Kittens in a town full of werewolves. That sounded cruel. Did cats like werewolves? I knew some werewolves who owned dogs and horses, but never cats. Cats and the supernatural didn’t really mix well. They saw ghosts and seemed to irritate vampires. I’d never seen a fae with an actual cat, though they often used the form of them to blend in. Maybe the ancient Egyptians worshiped cats because they seemed to keep the supernatural at bay?
Liam loaded up the boxes onto the hand truck, and Dylan adjusted the strap. “I’d never let anything happen to the kittens,” Liam said.
“Right, because you are everywhere at once,” I said to him. Big bad alpha he might be, but champion of kittens?
“They are super cute,” Dylan said as he joined me in petting the munchkins.
“Maybe you and Sean should get one?” I said to him.
“I’m not sure Sean’s a cat person. He’s not really a dog person either.” Which was saying something since Sean was a human dating a werewolf and now knew his boyfriend turned fuzzy. Were they having trouble?
“We could bring them home with us,” I said to Liam. “They look like baby werewolves, if werewolves could have babies.”
“Very fitting for Halloween,” Rose pointed out.
“Neither of us is home enough to take care of four kittens. But I’ll send word around and see if we can get them adopted to good folk.”
I sighed, giving the babies one last scratch before following Liam out and back to the bakery. His decorations were very PG. Streamers, some hanging paper designs, and some soap-drawn art on the giant glass window.
“You can design something if you’d like,” Liam said.
I opened my mouth to protest, then closed it and shook my head.
“I heard the pot is around five grand this year,” Dylan said as he passed us with the hand truck filled with the boxes of supplies.
“Pot?” I frowned and watched him head to the back to unload.
“Visitors from the next town over fill Maple Falls each year for Halloween. They vote for the spookiest shop, and the winner takes home the prize. All the shops that want to enter contribute to the pot. It’s a pretty big deal, and one of our busiest days of the year.” Liam made his way behind the counter. Since it was late in the day, the shop was quiet, with only a handful of customers. Prep for the next morning had already begun. “Are you going to enter Tea Time?”

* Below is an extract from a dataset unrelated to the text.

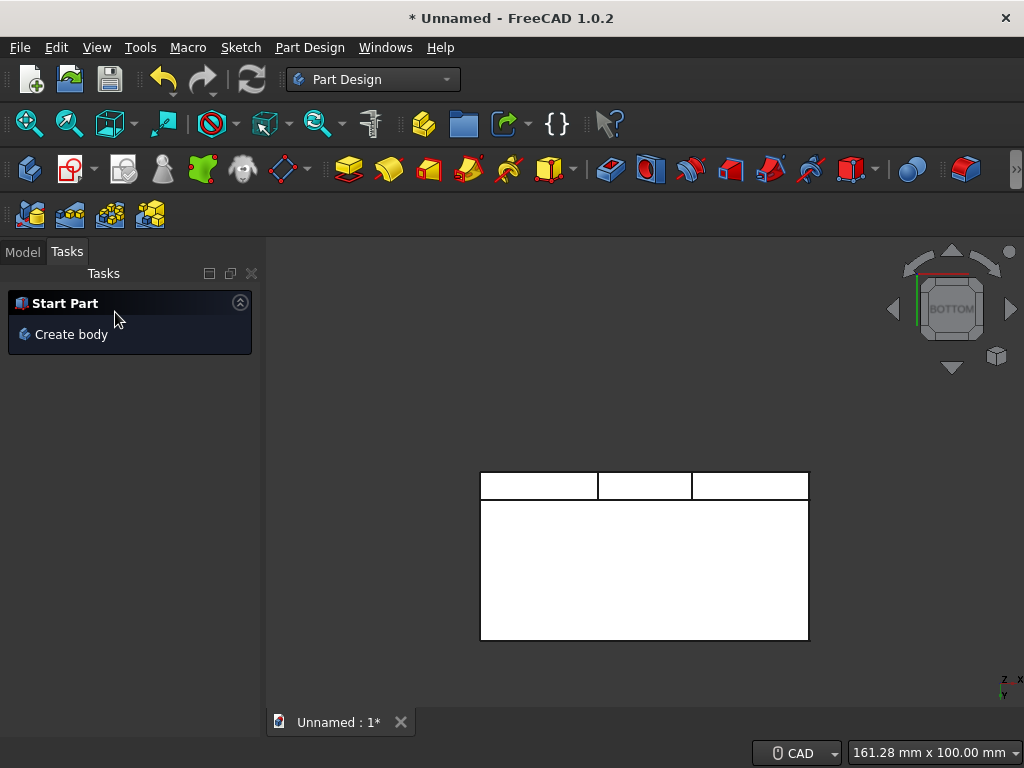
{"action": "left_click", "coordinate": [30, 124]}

Tea Time was the tea shop next door, which was technically mine according to Liam, but I still battled with the idea that it was really his every day. “Five grand? Like a real five thousand dollars? For decorating?”
Liam smiled. “I see dollar signs in your eyes.”

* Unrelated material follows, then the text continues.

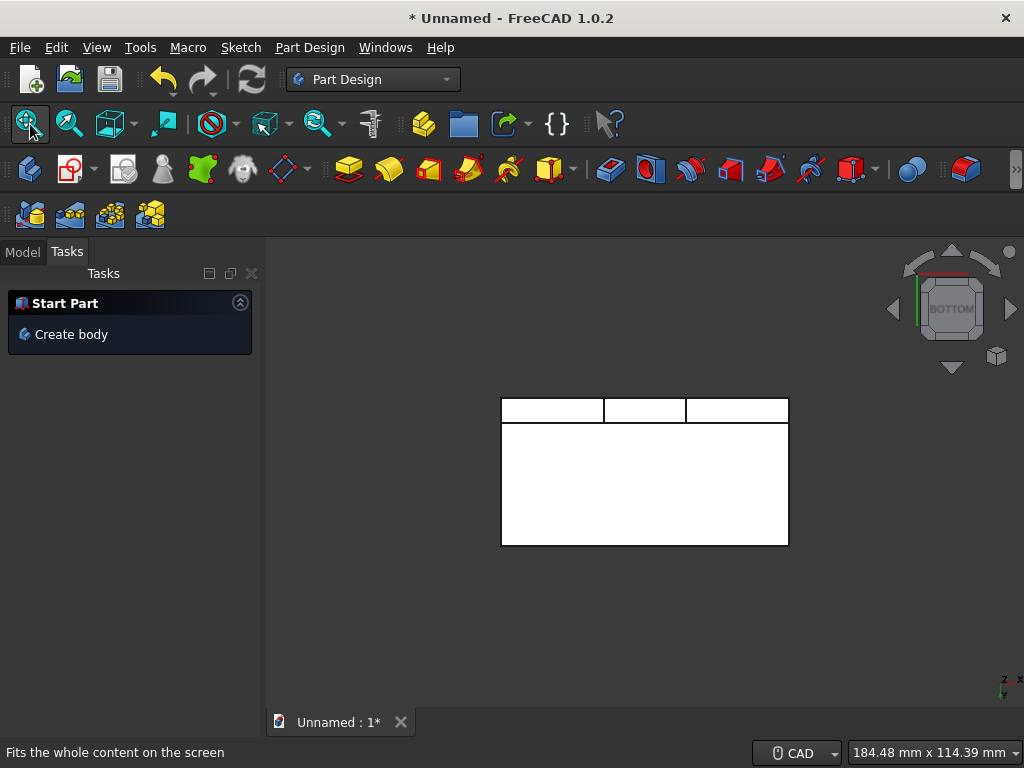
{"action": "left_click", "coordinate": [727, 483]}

“Five grand is a lot of money,” I said, in case he’d lost his mind and forgotten that money ruled the world.
“And technically, you’re rich,” he reminded me.
“You’re rich,” I corrected him. “I’m just dating the hot, rich guy.”

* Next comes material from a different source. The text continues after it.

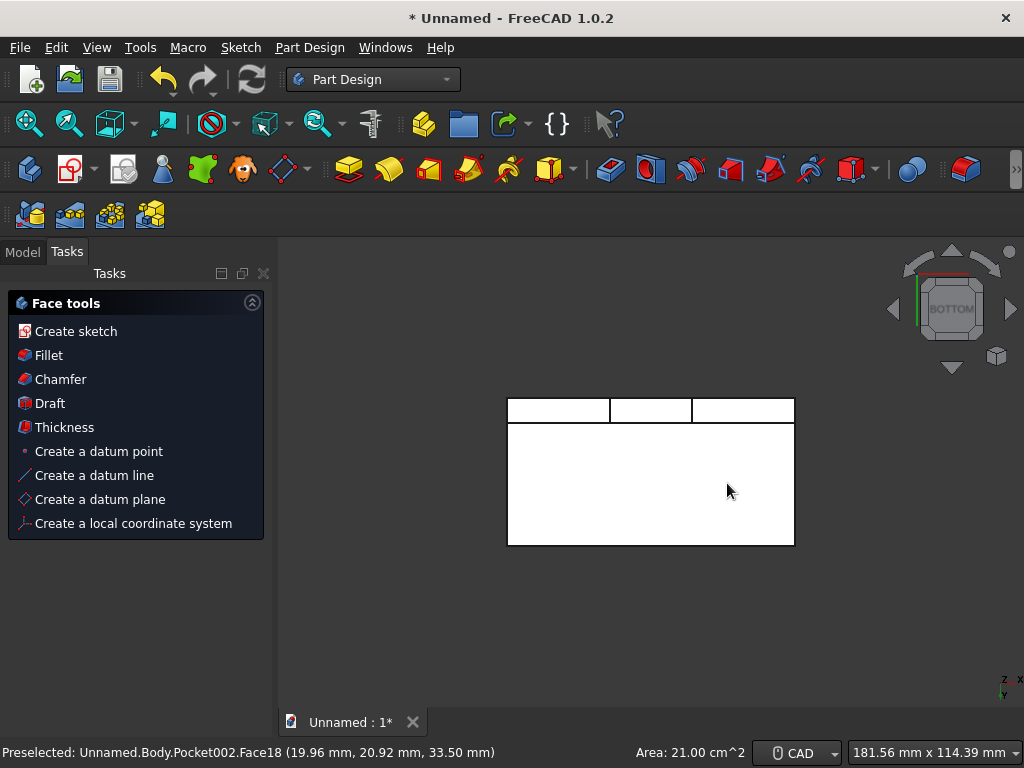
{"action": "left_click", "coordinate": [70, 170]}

“Just dating…” Liam raised a brow. “Hmm. At least you called me hot.” He headed into the back.
“Don’t get mad,” I said.
“Not mad,” he called back, “irritated.”
“With me.”
“Hmm,” he replied. I hated that non-agreeing, agreement noise. Placating.
I followed him and grabbed him, wrapping my arms around Liam from behind and pressing my face between his shoulder blades. He stopped and sucked in a deep breath.
“Don’t be mad. Or irritated. I’m trying.” I couldn’t help the endless suspicion from circling in my head. But it didn’t mean I didn’t need him. Hell, I needed him desperately most days. So much so that I feared someday he’d find out and it would terrify him with its intensity. It terrified me thinking about ever having him walk away. If this was what having a true mate was… then the romance novels got it all wrong.
I likened needing Liam in my life to having air to breathe. Even when I wanted to spend time alone, I’d often drag him away so he could hold me for a while, and remind me he was still there. But how did I say all that without sounding stupid or scaring him away?
He let out a long sigh, turned, and wrapped me up in his arms. “What is mine is yours. Why is that hard to understand?”